Would you please retype, exactly, the lines of the listing below between the line with "21. van or camper" and the line with "23. car <box>835,592,910,642</box>", inclusive?

▸ **EXCERPTED DATA**:
= = = = =

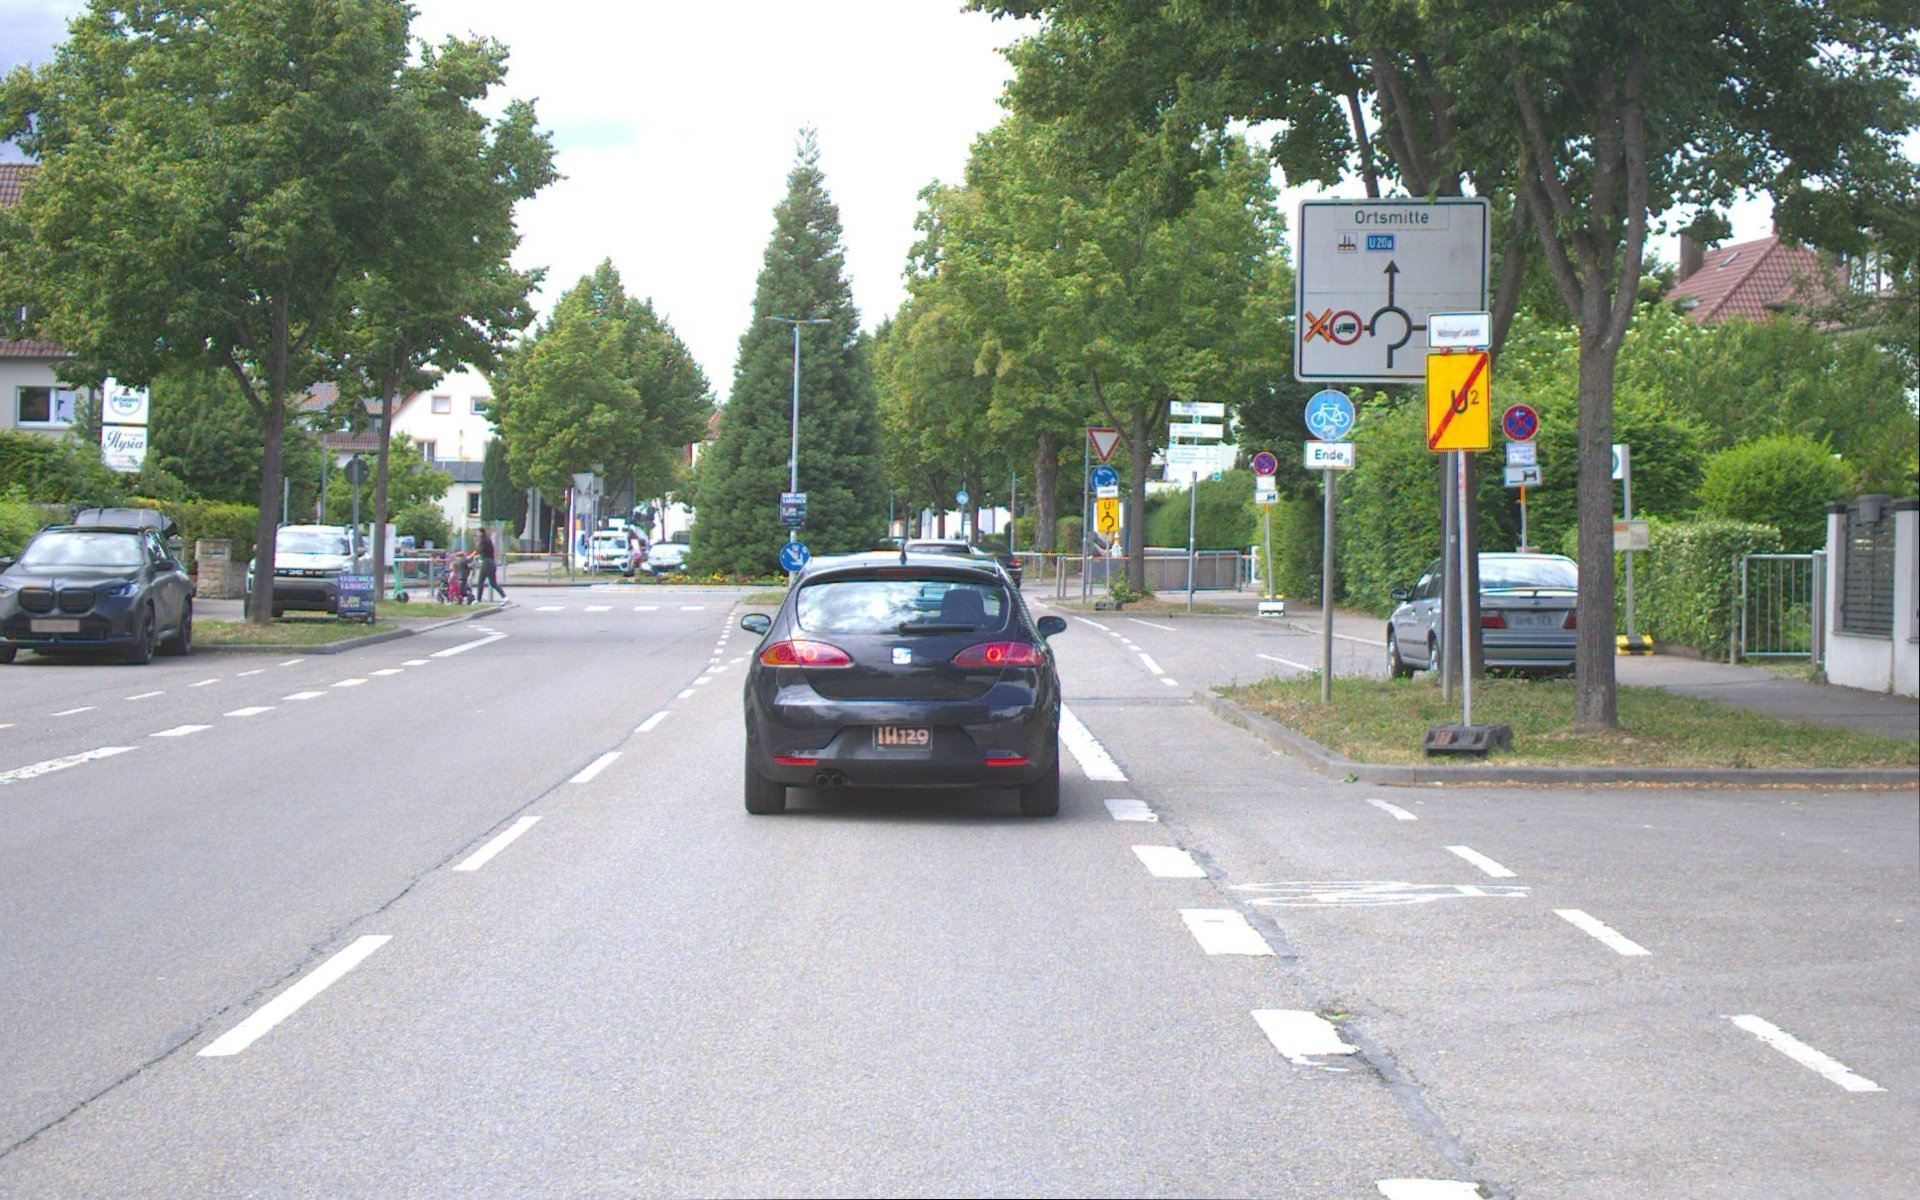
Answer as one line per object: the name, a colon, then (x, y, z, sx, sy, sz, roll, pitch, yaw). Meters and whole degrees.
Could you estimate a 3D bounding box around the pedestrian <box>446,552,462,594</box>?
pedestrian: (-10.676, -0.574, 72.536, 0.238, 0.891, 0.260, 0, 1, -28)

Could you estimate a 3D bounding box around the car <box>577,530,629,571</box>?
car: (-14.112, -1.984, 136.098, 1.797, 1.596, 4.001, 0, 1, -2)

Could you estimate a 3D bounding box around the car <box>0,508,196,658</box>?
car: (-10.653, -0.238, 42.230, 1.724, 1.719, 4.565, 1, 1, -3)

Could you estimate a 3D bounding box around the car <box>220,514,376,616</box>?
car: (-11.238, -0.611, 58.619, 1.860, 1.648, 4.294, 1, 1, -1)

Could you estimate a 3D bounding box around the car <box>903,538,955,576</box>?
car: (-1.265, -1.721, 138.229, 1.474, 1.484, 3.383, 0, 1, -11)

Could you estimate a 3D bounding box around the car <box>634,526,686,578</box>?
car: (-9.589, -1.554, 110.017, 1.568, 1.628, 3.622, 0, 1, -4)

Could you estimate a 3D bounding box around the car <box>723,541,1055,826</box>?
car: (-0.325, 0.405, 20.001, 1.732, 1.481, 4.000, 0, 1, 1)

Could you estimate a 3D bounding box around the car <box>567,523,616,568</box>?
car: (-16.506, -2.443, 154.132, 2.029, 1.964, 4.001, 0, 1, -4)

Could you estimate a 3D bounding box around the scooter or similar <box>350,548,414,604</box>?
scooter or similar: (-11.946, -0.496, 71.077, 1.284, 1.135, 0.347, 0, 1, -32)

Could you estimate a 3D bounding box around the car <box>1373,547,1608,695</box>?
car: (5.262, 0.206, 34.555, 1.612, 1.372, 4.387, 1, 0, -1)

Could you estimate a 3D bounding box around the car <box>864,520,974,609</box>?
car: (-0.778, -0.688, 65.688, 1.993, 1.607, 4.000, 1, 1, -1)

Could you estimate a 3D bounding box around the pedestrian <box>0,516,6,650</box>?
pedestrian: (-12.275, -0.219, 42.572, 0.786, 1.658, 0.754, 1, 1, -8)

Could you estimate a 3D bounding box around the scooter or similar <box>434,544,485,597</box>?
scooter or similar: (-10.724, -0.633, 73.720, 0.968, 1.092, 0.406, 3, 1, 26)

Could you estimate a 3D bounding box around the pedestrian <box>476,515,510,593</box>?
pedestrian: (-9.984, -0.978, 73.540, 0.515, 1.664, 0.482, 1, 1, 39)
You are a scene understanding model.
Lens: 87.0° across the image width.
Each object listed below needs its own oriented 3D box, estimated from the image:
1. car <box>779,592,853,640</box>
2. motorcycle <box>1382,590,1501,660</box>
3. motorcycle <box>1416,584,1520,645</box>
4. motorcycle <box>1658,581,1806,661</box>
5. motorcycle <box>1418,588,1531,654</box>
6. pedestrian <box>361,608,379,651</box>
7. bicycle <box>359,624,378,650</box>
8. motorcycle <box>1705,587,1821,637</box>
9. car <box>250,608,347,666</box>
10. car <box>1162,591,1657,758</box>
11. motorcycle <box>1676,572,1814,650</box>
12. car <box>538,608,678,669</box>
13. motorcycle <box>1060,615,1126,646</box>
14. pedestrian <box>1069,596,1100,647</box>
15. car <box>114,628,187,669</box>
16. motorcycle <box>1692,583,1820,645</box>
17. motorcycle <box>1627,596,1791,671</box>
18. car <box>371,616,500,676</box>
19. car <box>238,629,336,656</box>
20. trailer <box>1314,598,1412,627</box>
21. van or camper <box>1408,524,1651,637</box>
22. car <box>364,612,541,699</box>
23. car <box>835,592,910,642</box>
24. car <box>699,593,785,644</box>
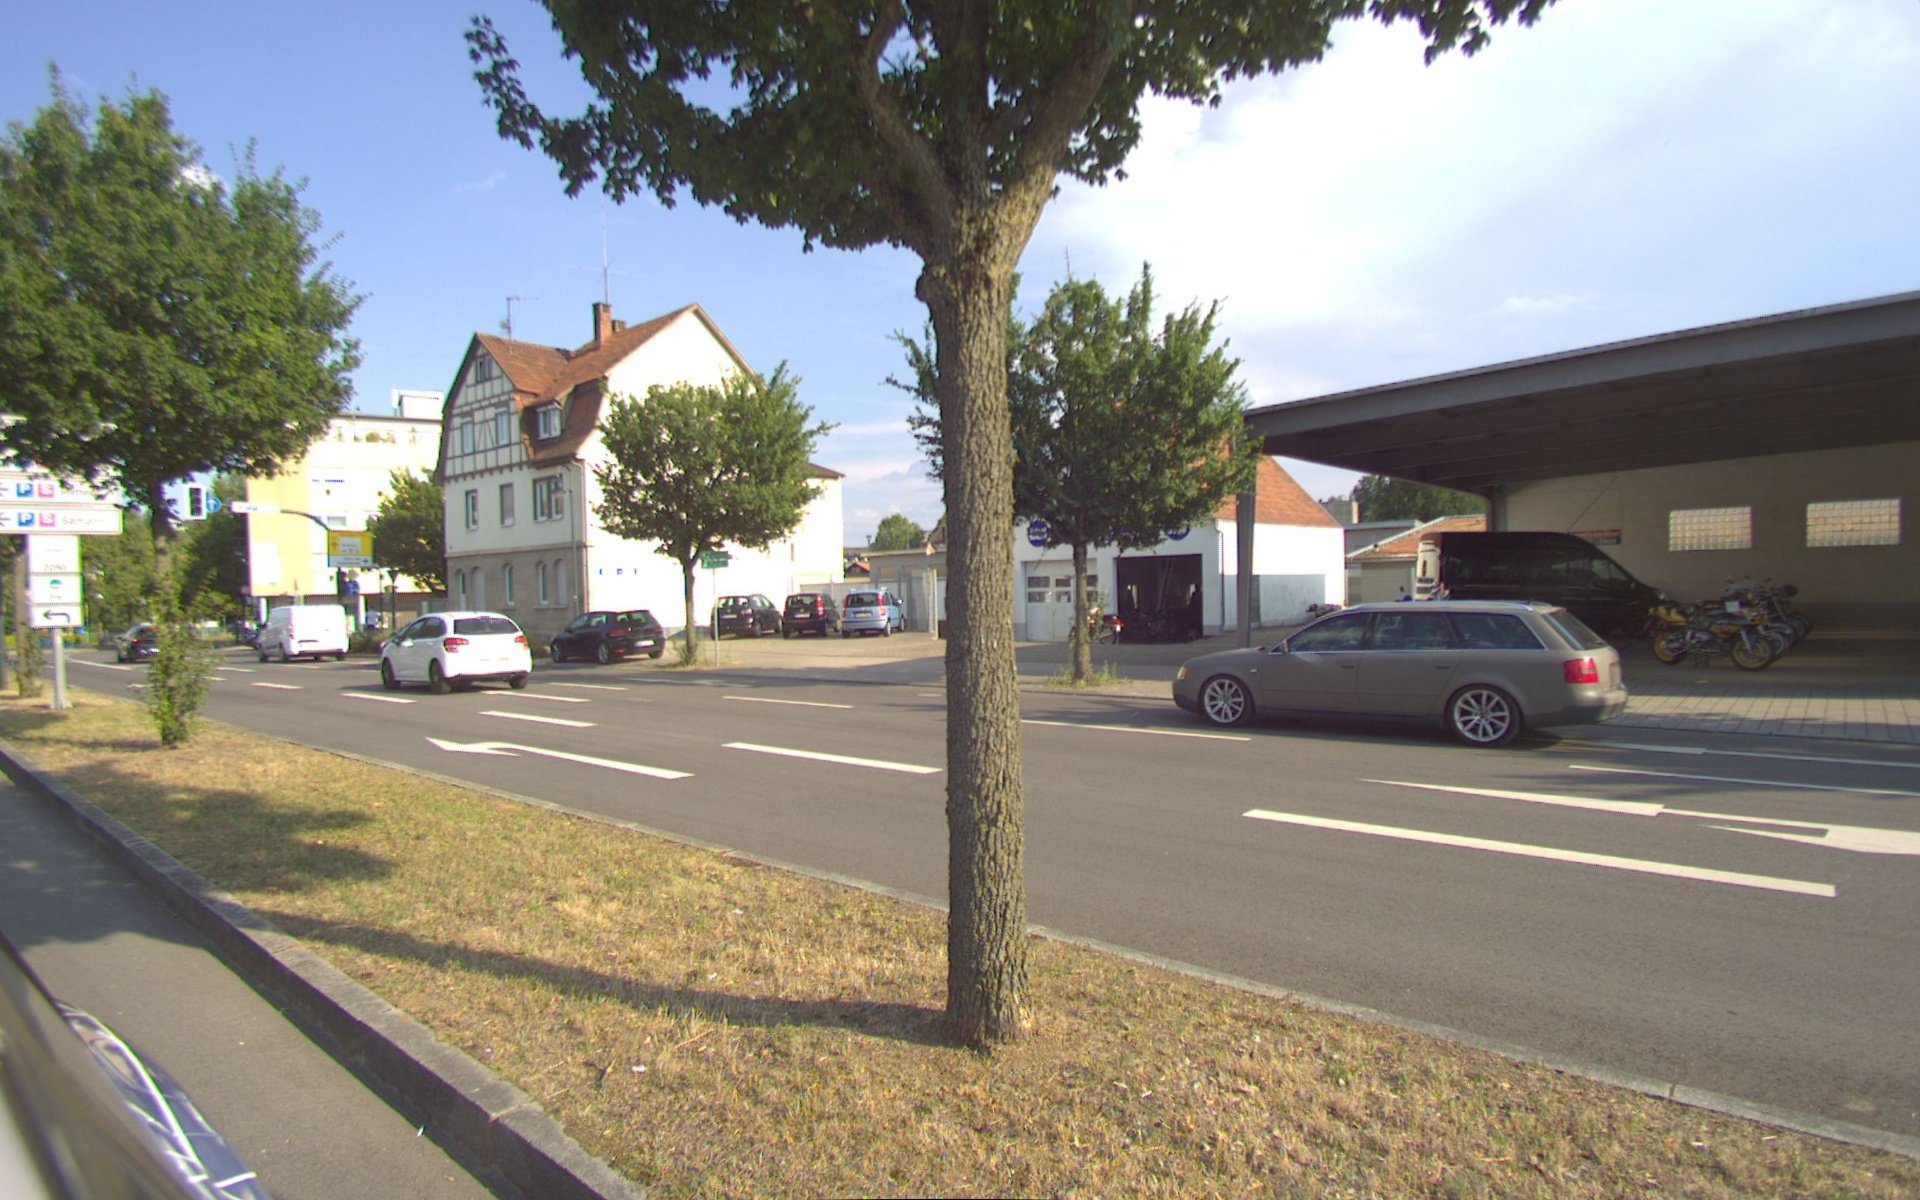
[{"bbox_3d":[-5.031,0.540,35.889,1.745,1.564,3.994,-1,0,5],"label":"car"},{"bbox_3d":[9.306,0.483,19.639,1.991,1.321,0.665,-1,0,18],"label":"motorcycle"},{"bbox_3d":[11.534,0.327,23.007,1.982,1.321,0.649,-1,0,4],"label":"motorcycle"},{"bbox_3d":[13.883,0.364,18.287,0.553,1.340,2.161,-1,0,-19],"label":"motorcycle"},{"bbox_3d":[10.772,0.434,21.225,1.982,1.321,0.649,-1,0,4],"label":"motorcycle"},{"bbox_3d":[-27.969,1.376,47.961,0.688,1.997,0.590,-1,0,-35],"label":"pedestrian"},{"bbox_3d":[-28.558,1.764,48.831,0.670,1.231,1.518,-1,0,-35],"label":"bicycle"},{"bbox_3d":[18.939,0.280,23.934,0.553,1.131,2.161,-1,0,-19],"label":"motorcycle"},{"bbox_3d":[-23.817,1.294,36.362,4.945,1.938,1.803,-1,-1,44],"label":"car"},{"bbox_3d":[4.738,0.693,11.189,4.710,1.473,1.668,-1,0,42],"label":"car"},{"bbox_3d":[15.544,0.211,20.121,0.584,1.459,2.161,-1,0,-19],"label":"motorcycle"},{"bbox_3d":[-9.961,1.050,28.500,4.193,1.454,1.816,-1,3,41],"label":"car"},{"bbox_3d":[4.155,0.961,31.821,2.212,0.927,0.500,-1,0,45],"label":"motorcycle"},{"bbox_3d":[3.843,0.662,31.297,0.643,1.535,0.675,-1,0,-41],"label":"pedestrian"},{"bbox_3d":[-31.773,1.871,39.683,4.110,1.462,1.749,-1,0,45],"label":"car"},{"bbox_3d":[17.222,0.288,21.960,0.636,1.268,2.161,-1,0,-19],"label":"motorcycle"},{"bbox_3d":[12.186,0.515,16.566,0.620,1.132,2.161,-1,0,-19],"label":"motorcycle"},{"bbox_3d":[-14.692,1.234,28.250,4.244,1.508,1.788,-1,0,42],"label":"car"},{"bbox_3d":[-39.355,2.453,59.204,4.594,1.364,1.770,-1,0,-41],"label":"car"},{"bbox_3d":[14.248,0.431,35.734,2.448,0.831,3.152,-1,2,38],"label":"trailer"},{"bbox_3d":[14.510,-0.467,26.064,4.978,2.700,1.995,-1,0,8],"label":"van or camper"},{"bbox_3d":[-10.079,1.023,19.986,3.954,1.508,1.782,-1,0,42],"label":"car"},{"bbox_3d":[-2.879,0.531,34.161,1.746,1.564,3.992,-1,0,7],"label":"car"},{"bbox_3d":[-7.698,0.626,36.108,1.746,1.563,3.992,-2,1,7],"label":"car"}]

= = = = =

▸ **RESULT OF THIS EXERCISE**:
21. van or camper <box>1408,524,1651,637</box>
22. car <box>364,612,541,699</box>
23. car <box>835,592,910,642</box>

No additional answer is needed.